Pakistan
Total IDRC Support
121 activities worth CAD42.1 million since 1977
Our support helps
- use e-health to increase people’s access to services and information
- end early child marriages and forced marriages
- increase Pakistan’s ability to provide sound research that informs and influences policy
- strengthen health system governance to improve reproductive health and women’s rights
Since 1977, we’ve supported Pakistani researchers’ efforts to improve health care, education, and farming practices. Research has also focused on peacebuilding and women’s experience of discrimination and violence.
We funded research to find lasting solutions to economic and environmental problems. For example, research in the Hindu Kush-Himalayas identified solutions to conserve soil and water — such as planting hybrid off-season corn — while increasing family incomes.
IDRC facilitated research to reduce poverty, including a community-based monitoring system to track the government’s effectiveness. Researchers also brought hope to Tehsil Balakot, a rural area devastated by the 2005 Kashmir earthquake. Local organizations gained a better understanding of residents’ needs, and received training to help them rebuild or replace lost livelihoods.

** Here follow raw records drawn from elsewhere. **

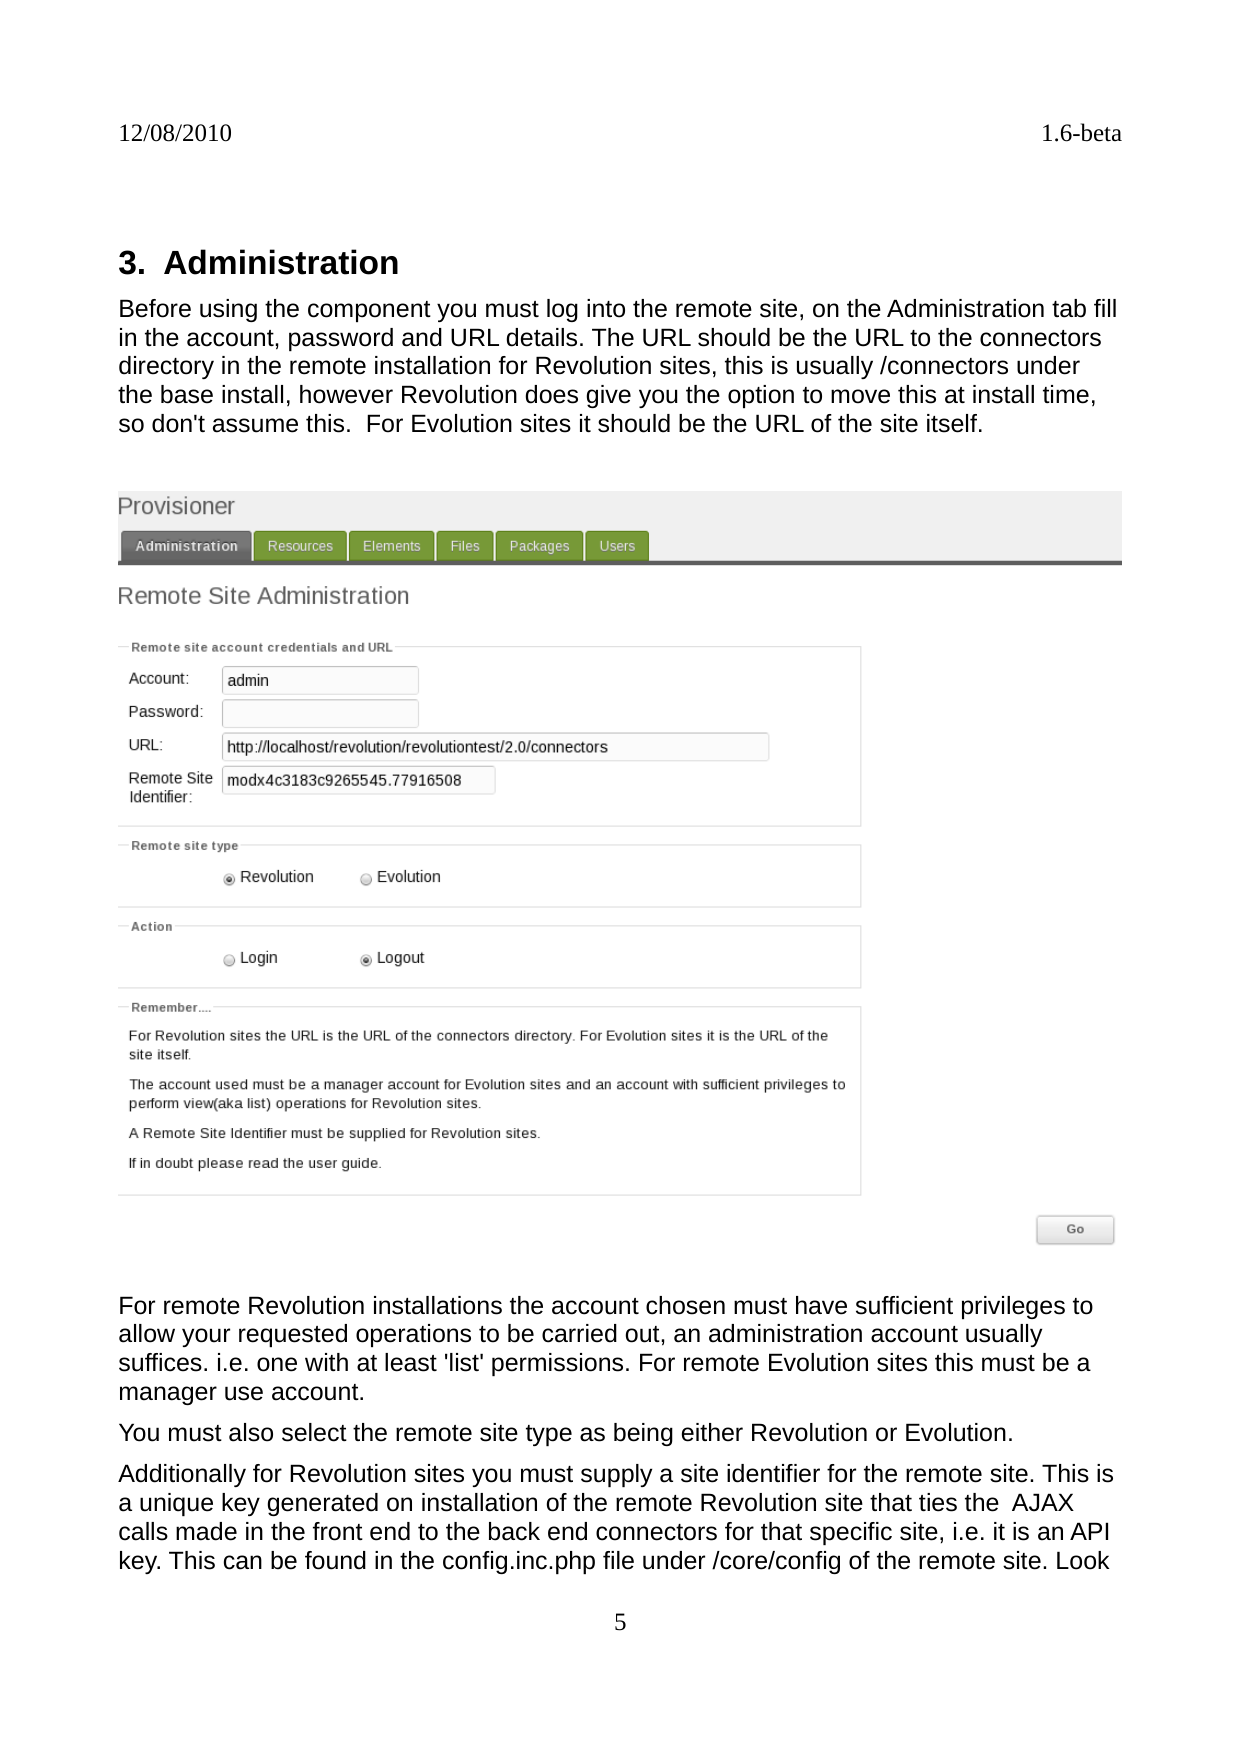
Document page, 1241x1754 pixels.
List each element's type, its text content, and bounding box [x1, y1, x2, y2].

picture [118, 491, 1122, 1250]
text Before using the component you must log into the remote site, on the Administration tab fill in the account, password and URL details. The URL should be the URL to the connectors directory in the remote installation for Revolution sites, this is usually /connectors under the base install, however Revolution does give you the option to move this at install time, so don't assume this. For Evolution sites it should be the URL of the site itself. [118, 294, 1122, 437]
text For remote Revolution installations the account chosen must have sufficient privileges to allow your requested operations to be carried out, an administration account usually suffices. i.e. one with at least 'list' permissions. For remote Evolution sites this must be a manager use account. [118, 1291, 1122, 1406]
subtitle Administration [118, 243, 1122, 281]
text Additionally for Revolution sites you must supply a site identifier for the remote site. This is a unique key generated on installation of the remote Revolution site that ties the AJAX calls made in the front end to the back end connectors for that specific site, i.e. it is an API key. This can be found in the config.inc.php file under /core/config of the remote site. Look [118, 1459, 1122, 1574]
text You must also select the remote site type as being either Revolution or Evolution. [118, 1418, 1122, 1447]
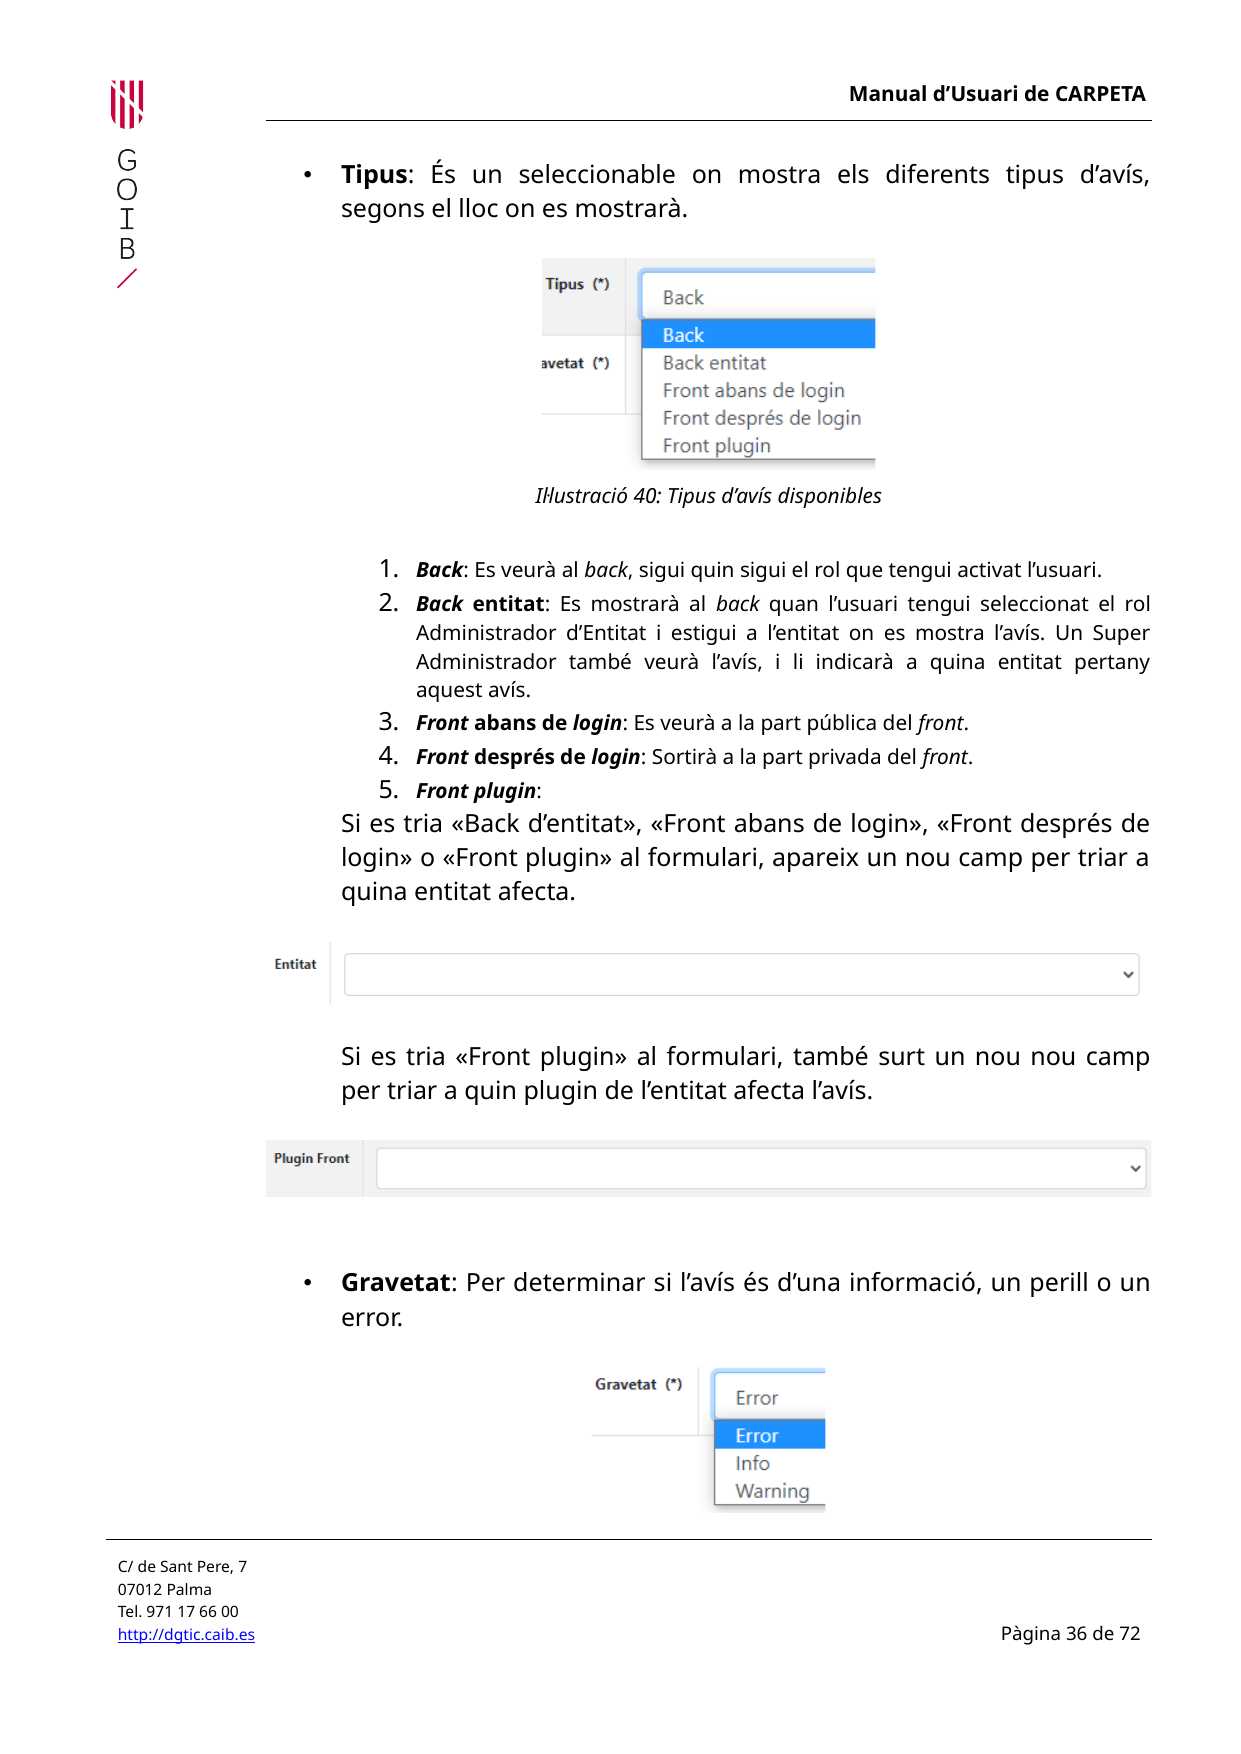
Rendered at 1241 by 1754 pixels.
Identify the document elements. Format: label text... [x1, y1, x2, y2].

list Back: Es veurà al back, sigui quin sigui el rol que tengui activat l’usuari. [378, 550, 1152, 584]
list Front abans de login: Es veurà a la part pública del front. [378, 704, 1152, 738]
list Si es tria «Back d’entitat», «Front abans de login», «Front després de login» o «Front plugin» al formulari, apareix un nou camp per triar a quina entitat afecta. [303, 806, 1152, 908]
list Back entitat: Es mostrarà al back quan l’usuari tengui seleccionat el rol Administrador d’Entitat i estigui a l’entitat on es mostra l’avís. Un Super Administrador també veurà l’avís, i li indicarà a quina entitat pertany aquest avís. [378, 584, 1152, 704]
list Si es tria «Front plugin» al formulari, també surt un nou nou camp per triar a quin plugin de l’entitat afecta l’avís. [303, 1039, 1152, 1107]
picture [82, 57, 172, 319]
list Tipus: És un seleccionable on mostra els diferents tipus d’avís, segons el lloc on es mostrarà. [303, 156, 1152, 224]
list Front després de login: Sortirà a la part privada del front. [378, 738, 1152, 772]
list Front plugin: [378, 772, 1152, 806]
picture [591, 1367, 826, 1513]
picture [265, 942, 1152, 1005]
picture [265, 1140, 1152, 1197]
picture [541, 258, 876, 470]
text Il·lustració 40: Tipus d’avís disponibles [266, 470, 1152, 510]
list Gravetat: Per determinar si l’avís és d’una informació, un perill o un error. [303, 1265, 1152, 1333]
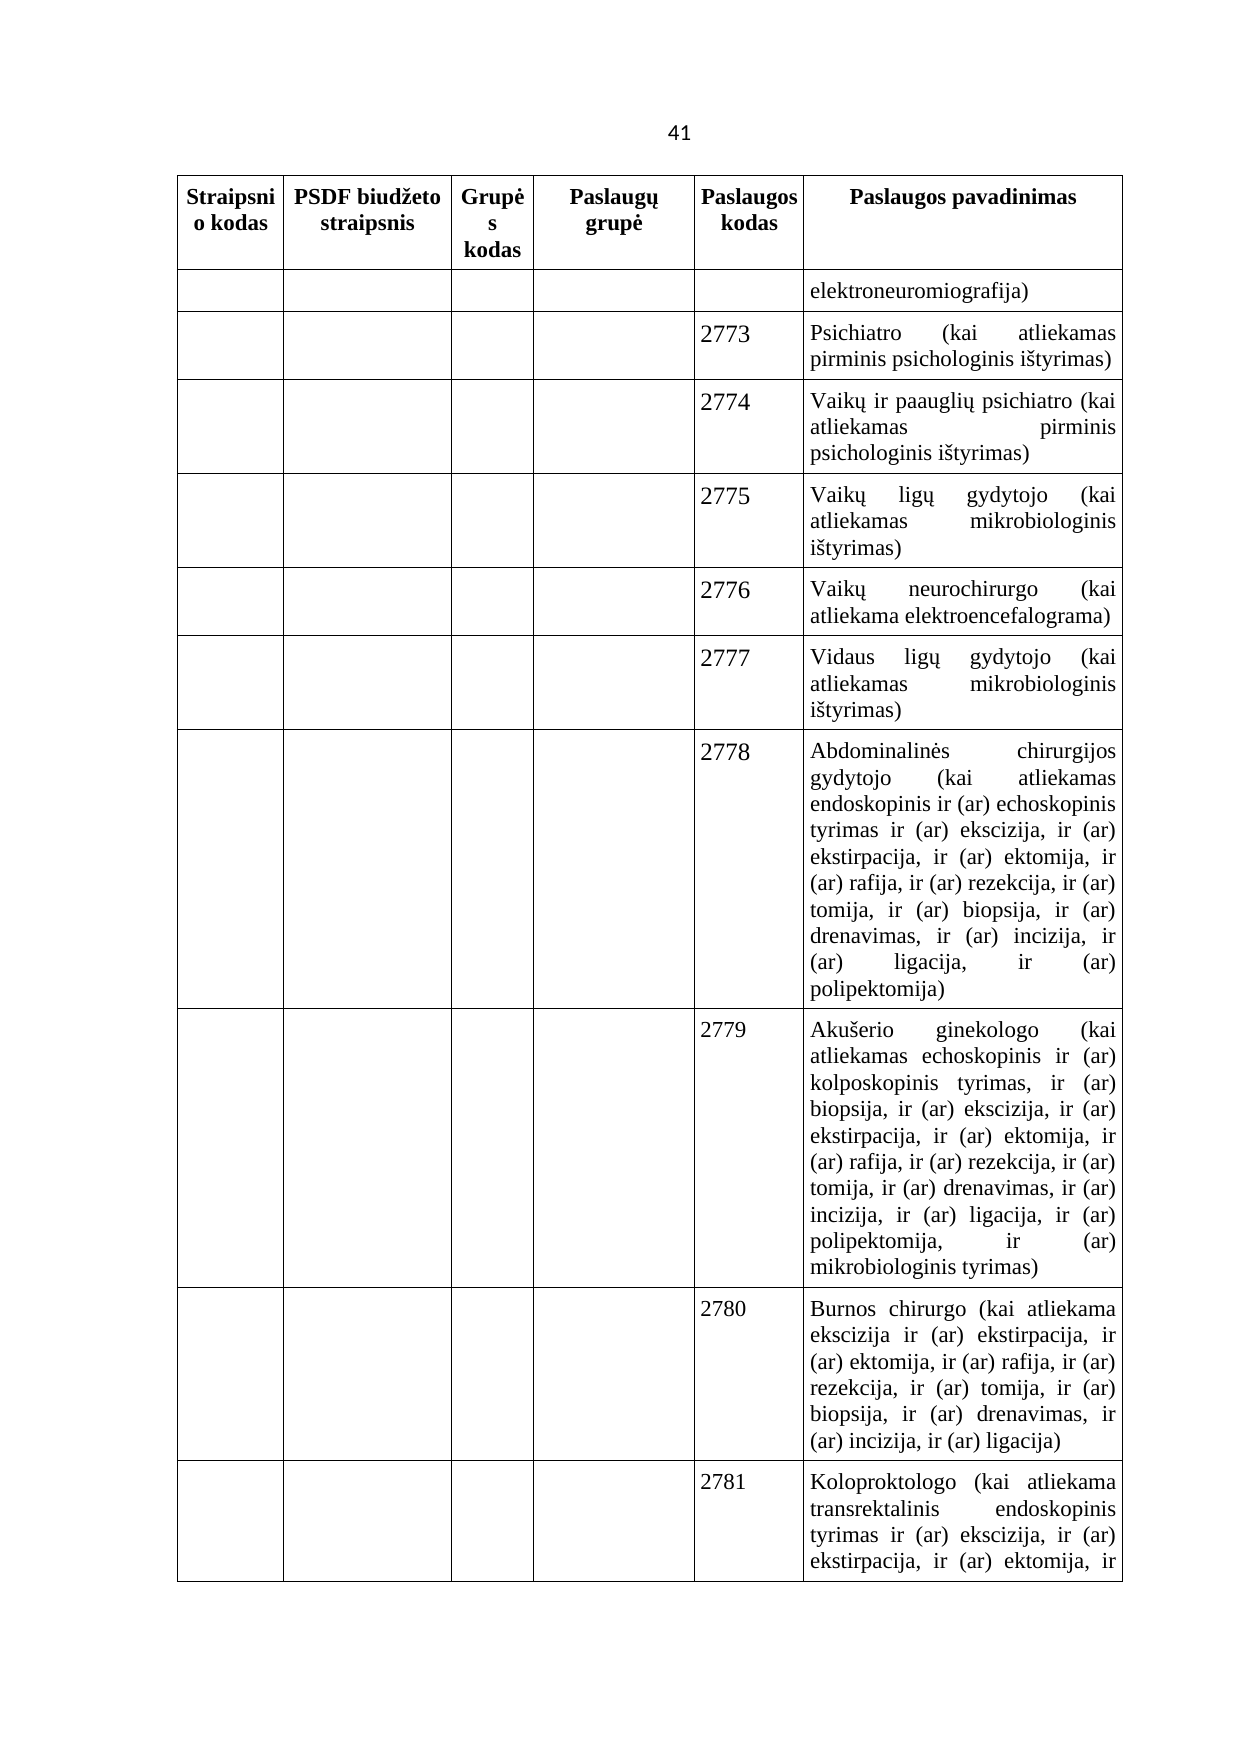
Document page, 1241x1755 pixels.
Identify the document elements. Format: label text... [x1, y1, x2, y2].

table_cell [284, 312, 451, 379]
table_cell [178, 568, 283, 635]
table_cell [178, 730, 283, 1008]
table_cell 2779 [695, 1009, 803, 1287]
table_cell [178, 1288, 283, 1460]
table_cell [452, 312, 533, 379]
table_cell [284, 730, 451, 1008]
table_cell [452, 636, 533, 729]
table_cell Abdominalinės chirurgijos gydytojo (kai atliekamas endoskopinis ir (ar) echoskopinis tyrimas ir (ar) ekscizija, ir (ar) ekstirpacija, ir (ar) ektomija, ir (ar) rafija, ir (ar) rezekcija, ir (ar) tomija, ir (ar) biopsija, ir (ar) drenavimas, ir (ar) incizija, ir (ar) ligacija, ir (ar) polipektomija) [804, 730, 1122, 1008]
table_cell [178, 270, 283, 311]
table_header Paslaugos pavadinimas [804, 176, 1122, 269]
table_cell [284, 568, 451, 635]
table_cell [284, 1288, 451, 1460]
table_cell [452, 1288, 533, 1460]
table_cell [284, 1009, 451, 1287]
table_cell [178, 474, 283, 567]
table_cell 2773 [695, 312, 803, 379]
table_cell [284, 636, 451, 729]
table_cell [534, 474, 694, 567]
table_cell Psichiatro (kai atliekamas pirminis psichologinis ištyrimas) [804, 312, 1122, 379]
table_cell [178, 312, 283, 379]
table_cell [534, 568, 694, 635]
table_header Straipsnio kodas [178, 176, 283, 269]
table_cell Vaikų ligų gydytojo (kai atliekamas mikrobiologinis ištyrimas) [804, 474, 1122, 567]
table_cell [178, 636, 283, 729]
table_cell Akušerio ginekologo (kai atliekamas echoskopinis ir (ar) kolposkopinis tyrimas, ir (ar) biopsija, ir (ar) ekscizija, ir (ar) ekstirpacija, ir (ar) ektomija, ir (ar) rafija, ir (ar) rezekcija, ir (ar) tomija, ir (ar) drenavimas, ir (ar) incizija, ir (ar) ligacija, ir (ar) polipektomija, ir (ar) mikrobiologinis tyrimas) [804, 1009, 1122, 1287]
table_cell [178, 1461, 283, 1581]
table_cell [452, 730, 533, 1008]
table_cell [695, 270, 803, 311]
table_cell [534, 1009, 694, 1287]
table_cell Vidaus ligų gydytojo (kai atliekamas mikrobiologinis ištyrimas) [804, 636, 1122, 729]
table_cell 2777 [695, 636, 803, 729]
table_header Paslaugų grupė [534, 176, 694, 269]
table_cell [534, 312, 694, 379]
table_cell [452, 1461, 533, 1581]
table_cell [452, 1009, 533, 1287]
table_cell [284, 380, 451, 473]
table_header PSDF biudžeto straipsnis [284, 176, 451, 269]
table_cell 2774 [695, 380, 803, 473]
table_cell [452, 270, 533, 311]
table_cell [284, 474, 451, 567]
table_cell [284, 1461, 451, 1581]
table_header Paslaugos kodas [695, 176, 803, 269]
table_cell 2775 [695, 474, 803, 567]
table_cell [534, 730, 694, 1008]
table_cell [284, 270, 451, 311]
table_cell 2778 [695, 730, 803, 1008]
table_cell [534, 636, 694, 729]
table_cell [534, 270, 694, 311]
table_cell [452, 474, 533, 567]
table_cell [178, 380, 283, 473]
table_cell 2780 [695, 1288, 803, 1460]
table_cell [534, 1461, 694, 1581]
table_cell Koloproktologo (kai atliekama transrektalinis endoskopinis tyrimas ir (ar) ekscizija, ir (ar) ekstirpacija, ir (ar) ektomija, ir [804, 1461, 1122, 1581]
table_cell elektroneuromiografija) [804, 270, 1122, 311]
table_cell 2781 [695, 1461, 803, 1581]
table_cell [452, 380, 533, 473]
table_cell [178, 1009, 283, 1287]
table_cell Vaikų neurochirurgo (kai atliekama elektroencefalograma) [804, 568, 1122, 635]
table_cell [534, 1288, 694, 1460]
table_header Grupės kodas [452, 176, 533, 269]
table_cell Burnos chirurgo (kai atliekama ekscizija ir (ar) ekstirpacija, ir (ar) ektomija, ir (ar) rafija, ir (ar) rezekcija, ir (ar) tomija, ir (ar) biopsija, ir (ar) drenavimas, ir (ar) incizija, ir (ar) ligacija) [804, 1288, 1122, 1460]
table_cell Vaikų ir paauglių psichiatro (kai atliekamas pirminis psichologinis ištyrimas) [804, 380, 1122, 473]
table_cell [452, 568, 533, 635]
table_cell [534, 380, 694, 473]
table_cell 2776 [695, 568, 803, 635]

Since the mid-2000s, IDRC research partners have introduced the Internet to hundreds of isolated northern villages, bringing online training opportunities, along with health and agricultural information.
Local-language computing
A widely celebrated effort to include poorer parts of Asia in the information age began in 2002, with a modest initiative to create digital fonts in Urdu, Pakistan’s national language. Given that English dominated computers and the Internet at that time, IDRC-supported research teams produced local language computer programs so Asians could read and publish content on the Internet in their own languages. Researchers at Pakistan’s National University for Computing and Emerging Sciences coordinated the 10-country program.
In another effort to narrow the digital divide, the Sustainable Development Policy Institute in Pakistan is measuring — and bridging — the gap between men and women, and girls and boys, in accessing computers in rural areas.
Environmental economics
For the past decade, we’ve helped build the South Asian Network for Development and Environmental Economics. This network specializes in applied research that connects economic and environmental problems with solutions. Groundbreaking research in Pakistan includes a study showing how the recreational value of natural resources, such as parkland, can generate funds to preserve them.